La Camera, premesso che:

le misure a sostegno contenute nel presente decreto riguardano principalmente la proroga dell'efficacia delle disposizioni contenute nel decreto-legge n. 19/2020, e nel decreto-legge 33/2020, che hanno disciplinato, rispettivamente, l'applicazione delle misure per contrastare l'espandersi dell'epidemia ed il loro graduale allentamento in rapporto all'evolversi della situazione epidemiologica;

il continuo ricorso alla decretazione d'urgenza e con provvedimenti economici, fiscali, sanitari, etc, correlati all'emergenza epidemiologica, hanno inevitabilmente accantonato altre necessità di interventi legislativi come, ad esempio quello della digitalizzazione di alcuni atti dello stato civile. L'emergenza COVID ha mostrato a tutti le tragiche immagini di bare trasportate da convogli militari, ma quello che non si è visto in televisione è stata l'impossibilità per alcuni comuni di stampare gli atti di morte per via dell'utilizzo di un mezzo obsoleto quale quello della stampante ad aghi;

l'ufficio di stato civile è dotato di una stampante ad aghi, per produzione degli atti di stato civile, non attualmente riproducibili su stampanti laser causa dimensioni del formato dei fogli (già numerati e vidimati dalla Prefettura) dei registri di stato civile;

una stampante di questo tipo costa tra 800 e 1.000 euro, per 8.000 comuni sono 8 milioni di euro assolutamente inutili.
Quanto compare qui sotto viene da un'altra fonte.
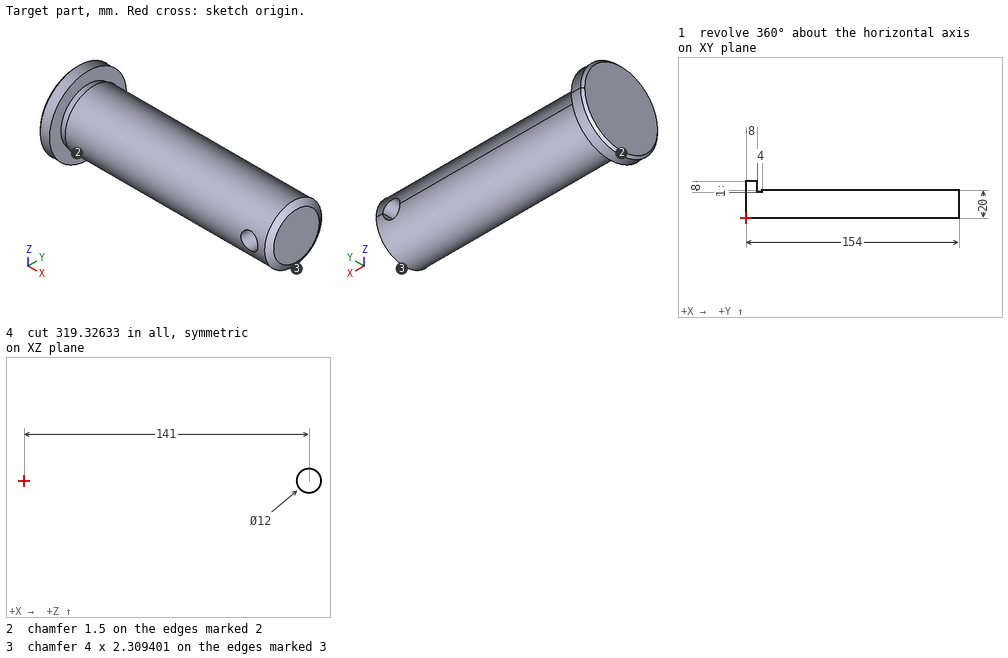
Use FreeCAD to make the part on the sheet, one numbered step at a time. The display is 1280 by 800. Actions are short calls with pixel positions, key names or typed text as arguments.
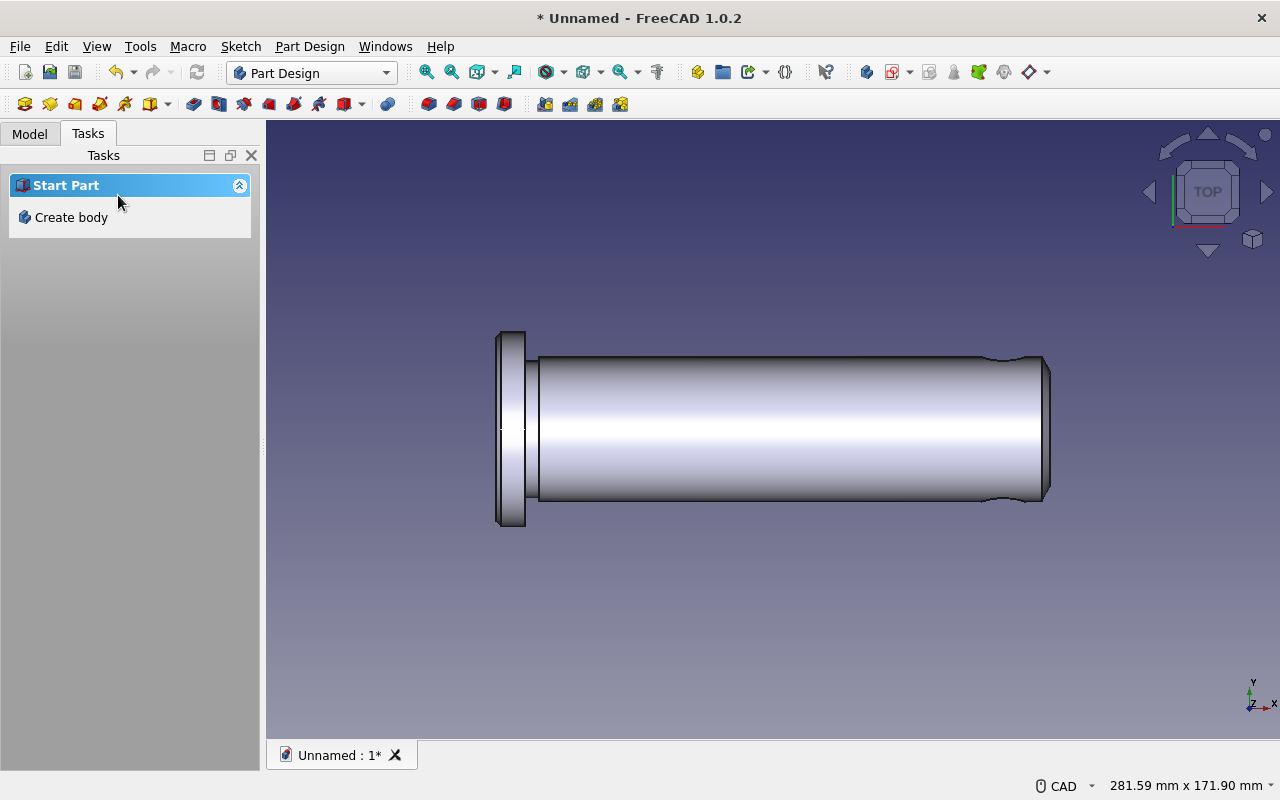
key(0)

Un'adeguata soluzione sarebbe stata quella di autorizzare le amministrazioni pubbliche locali ad inviare alle Prefettura gli atti di morte direttamente in formato digitale,

impegna il Governo

ad adottare iniziative, anche di carattere normativo nel primo provvedimento utile, volte ad autorizzare i Comuni a depositare presso gli Uffici Territoriali del Governo gli atti anagrafici e di stato civile in versione digitale.

Vi faremo sapere gli sviluppi, ovviamente non in triplice copia!